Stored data
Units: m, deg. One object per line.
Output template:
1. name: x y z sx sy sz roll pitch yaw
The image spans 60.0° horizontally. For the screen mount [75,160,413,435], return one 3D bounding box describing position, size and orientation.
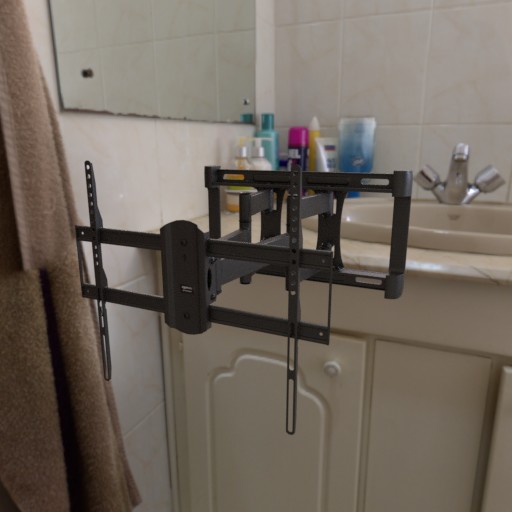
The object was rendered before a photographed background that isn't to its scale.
1. screen mount: 0.000 0.000 0.980 0.571 0.424 0.556 7 16 25
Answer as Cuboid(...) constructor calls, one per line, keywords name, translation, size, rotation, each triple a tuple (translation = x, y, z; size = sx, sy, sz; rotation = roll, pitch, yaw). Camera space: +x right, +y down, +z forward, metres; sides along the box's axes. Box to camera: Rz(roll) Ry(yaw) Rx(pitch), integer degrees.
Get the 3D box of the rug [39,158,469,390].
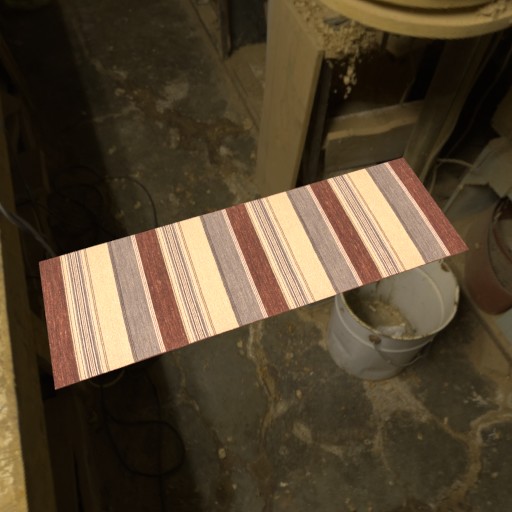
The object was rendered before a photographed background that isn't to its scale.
Cuboid(name="rug", translation=(0.000, 0.000, 2.641), size=(2.437, 0.006, 0.792), rotation=(-17, 61, -10))
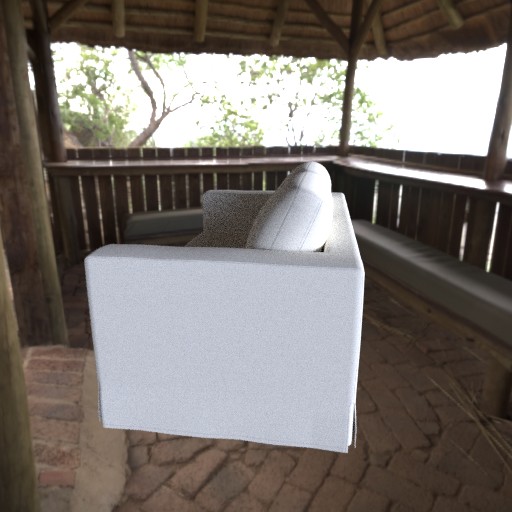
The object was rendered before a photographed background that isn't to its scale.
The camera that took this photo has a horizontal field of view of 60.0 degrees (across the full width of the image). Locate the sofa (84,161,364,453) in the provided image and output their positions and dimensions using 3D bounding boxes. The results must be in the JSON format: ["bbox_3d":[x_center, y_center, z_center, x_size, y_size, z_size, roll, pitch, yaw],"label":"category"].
[{"bbox_3d":[0.000,0.000,2.409,1.009,0.932,1.813,2,16,8],"label":"sofa"}]
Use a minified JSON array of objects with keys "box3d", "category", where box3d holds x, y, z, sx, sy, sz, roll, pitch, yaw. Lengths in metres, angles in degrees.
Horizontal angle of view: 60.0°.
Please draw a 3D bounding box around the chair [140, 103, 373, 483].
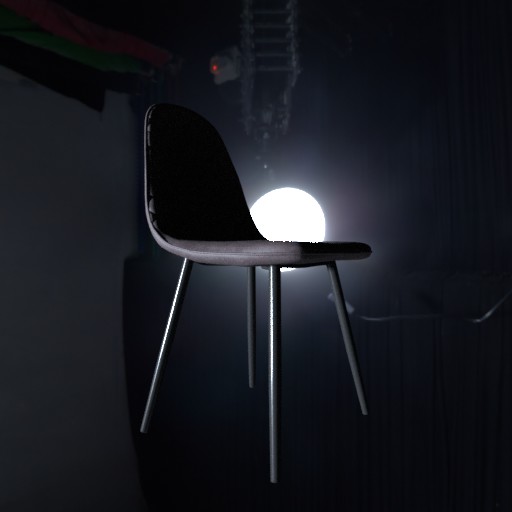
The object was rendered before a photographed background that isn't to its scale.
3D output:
[{"box3d":[0.000,0.000,1.184,0.561,0.889,0.472,1,2,37],"category":"chair"}]
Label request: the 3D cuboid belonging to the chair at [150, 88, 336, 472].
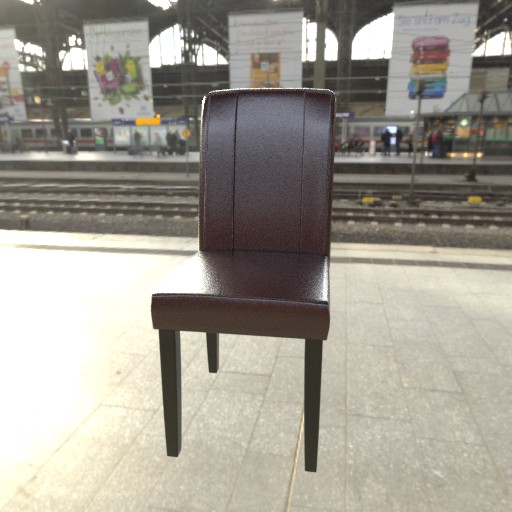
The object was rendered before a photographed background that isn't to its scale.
[{"bbox_3d":[0.000,0.000,1.191,0.399,0.897,0.556,2,15,8],"label":"chair"}]
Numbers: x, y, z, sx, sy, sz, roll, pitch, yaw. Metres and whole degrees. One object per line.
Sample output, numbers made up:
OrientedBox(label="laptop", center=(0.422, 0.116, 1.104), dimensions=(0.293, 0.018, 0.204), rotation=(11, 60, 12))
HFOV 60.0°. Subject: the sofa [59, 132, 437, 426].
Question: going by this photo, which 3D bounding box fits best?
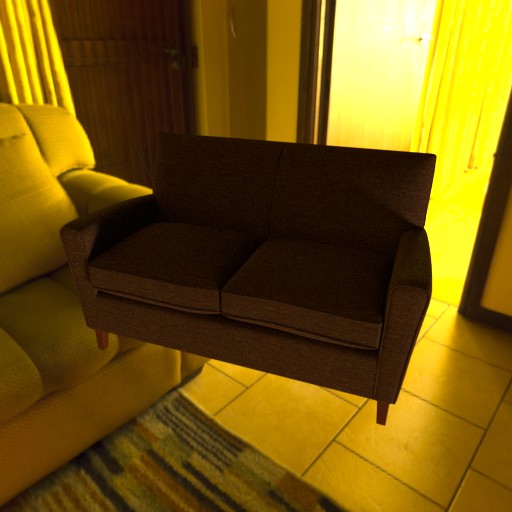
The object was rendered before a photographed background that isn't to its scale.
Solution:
OrientedBox(label="sofa", center=(0.000, 0.000, 2.068), dimensions=(1.509, 0.905, 0.867), rotation=(9, 28, 18))
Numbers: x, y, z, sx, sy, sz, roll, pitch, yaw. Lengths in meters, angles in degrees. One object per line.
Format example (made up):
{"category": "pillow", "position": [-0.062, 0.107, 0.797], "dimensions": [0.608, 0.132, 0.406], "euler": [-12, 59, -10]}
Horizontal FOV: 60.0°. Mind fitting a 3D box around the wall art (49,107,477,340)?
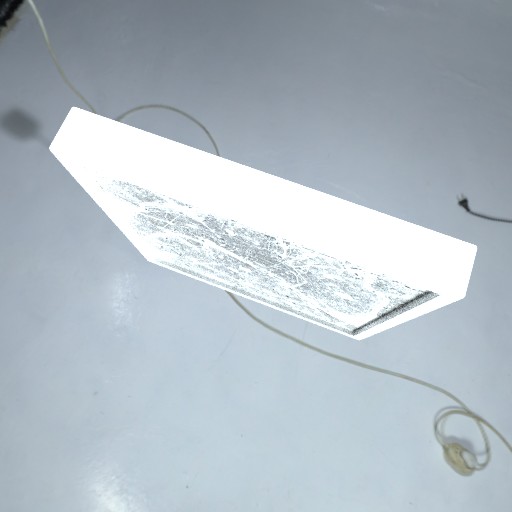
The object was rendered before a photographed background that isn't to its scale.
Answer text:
{"category": "wall art", "position": [0.000, 0.000, 0.453], "dimensions": [0.305, 0.305, 0.038], "euler": [20, 75, 6]}

**WHAT TO WORK ON:** Leaving out the pictures, return exactly the lines from the one that contains "Horizontal FOV: 60.0°." through the last line of the records above, inclusive.

**RESPONSE TO THIS TASK:**
Horizontal FOV: 60.0°. Mind fitting a 3D box around the wall art (49,107,477,340)?
The object was rendered before a photographed background that isn't to its scale.
Answer text:
{"category": "wall art", "position": [0.000, 0.000, 0.453], "dimensions": [0.305, 0.305, 0.038], "euler": [20, 75, 6]}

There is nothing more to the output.